Religious Duke students don't want to read lesbian graphic novel

Duke University's summer reading list included "Fun Home," a graphic novel about a lesbian who grows up with a closeted gay father.

With over 1,750 new students, the university said it would be impossible to find a book that would not offend someone.

Duke University’s assigned summer reading has sparked controversy among a number of incoming freshmen who believe the graphic novel violates their religious and moral beliefs.

The controversy began when incoming freshman, Brian Grasso, posted on the Duke Class of 2019 Facebook page that he would not be reading the graphic novel, Fun Home“because of the graphic visual depictions of sexuality.”

Although Grasso was the first to post on the graphic novel about a lesbian who grows up with a closeted gay father, the post soon sparked a lively discussion among future students.

Fellow freshman Jeffrey Wubbenhorst echoed many of Grasso’s sentiments.
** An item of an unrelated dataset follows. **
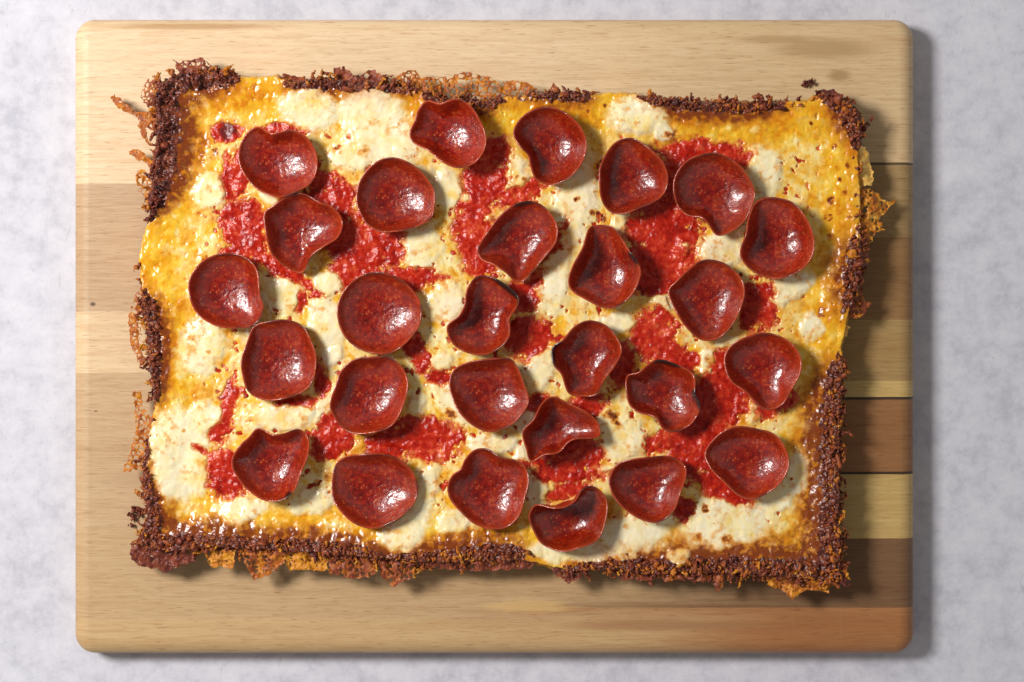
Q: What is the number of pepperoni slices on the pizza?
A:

In an email to The Chronicle, Duke’s independent newspaper, Wubbenhorst wrote that, “[t]he nature of Fun Home means that content that I might have consented to read in print now violates my conscience due to its pornographic nature.”

Another freshman, Elizabeth Snyder-Mounts also objected, writing on Facebook, “I thought to myself, ‘What kind of school am I going to?’”
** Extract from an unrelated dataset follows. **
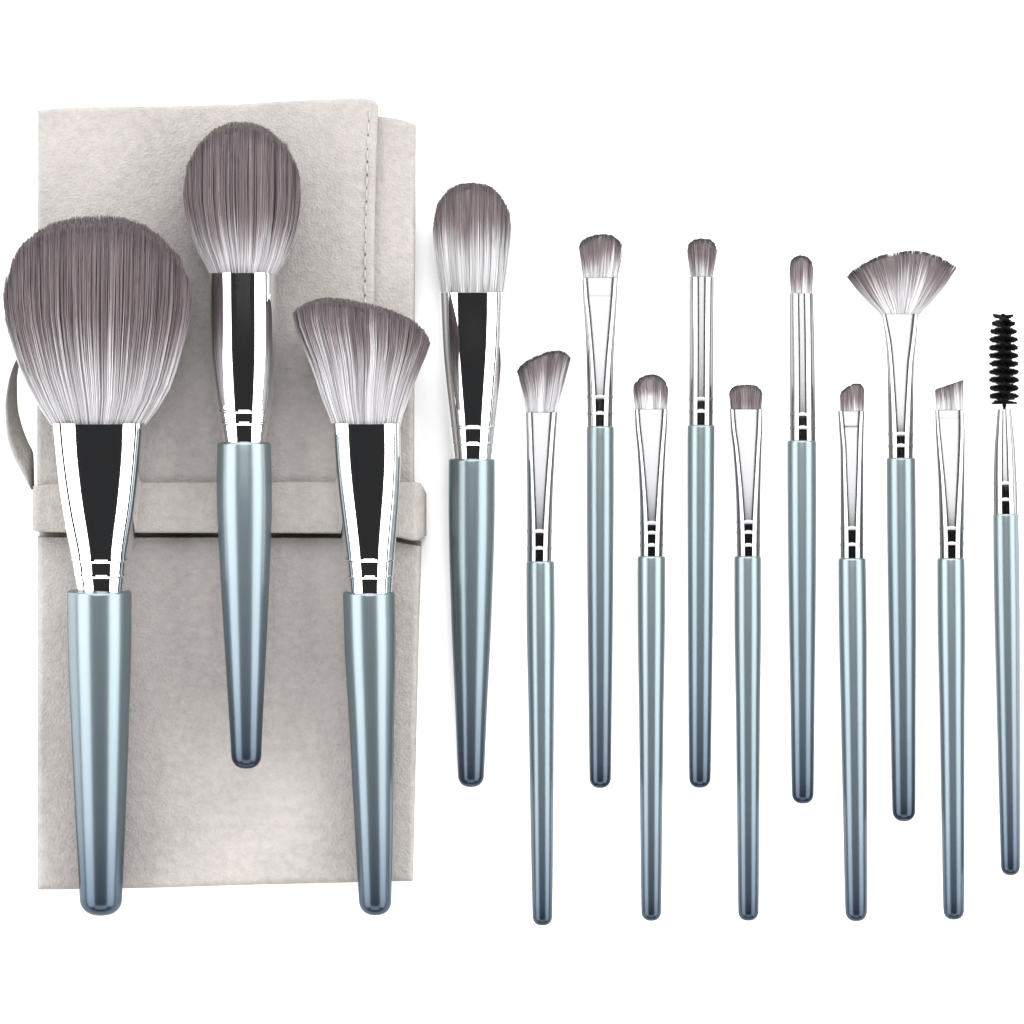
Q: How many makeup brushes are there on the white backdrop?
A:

Grasso’s post sparked a debate, generating multiple responses, including one from a 2013 alumnus who told Grasso to, “[o]pen your mind and step out of your religious bubble rather... I’m not sure how you got into my University with your closed-mindedness.”

Grasso says he objects to images of oral sex and naked women and the graphic novel’s flippant attitude toward sex . His choice to opt out of reading Fun Home, he said, “had nothing to do with the ideas that it presented.”

Grasso shared with Campus Reform his concern that the book would violate his sexual ethics which he says come from what he calls his “rational understanding of the Bible.”

The decision to post publicly about his refusal to read the book, Grasso says, came from a desire to comfort other Christians. He claims he has heard privately from more than twenty other students, many of whom are Christians, but that a Muslim student and a bisexual Buddhist are among those who said they were also encouraged by Grasso’s post.

Grasso said he is concerned about Duke’s attempt to mold its students into liberals, and believes the university should encourage conservatives to develop as individuals in order to promote diversity.

In response to the recent controversy, Duke released a statement in which it said that it would be impossible to find a book that would not offend someone.

“With a class of 1,750 new students from around the world, it would be impossible to find a single book that that did not challenge someone's way of thinking. We understand and respect that, but also hope that students will begin their time at Duke with open minds and a willingness to explore new ideas, whether they agree with them or not.”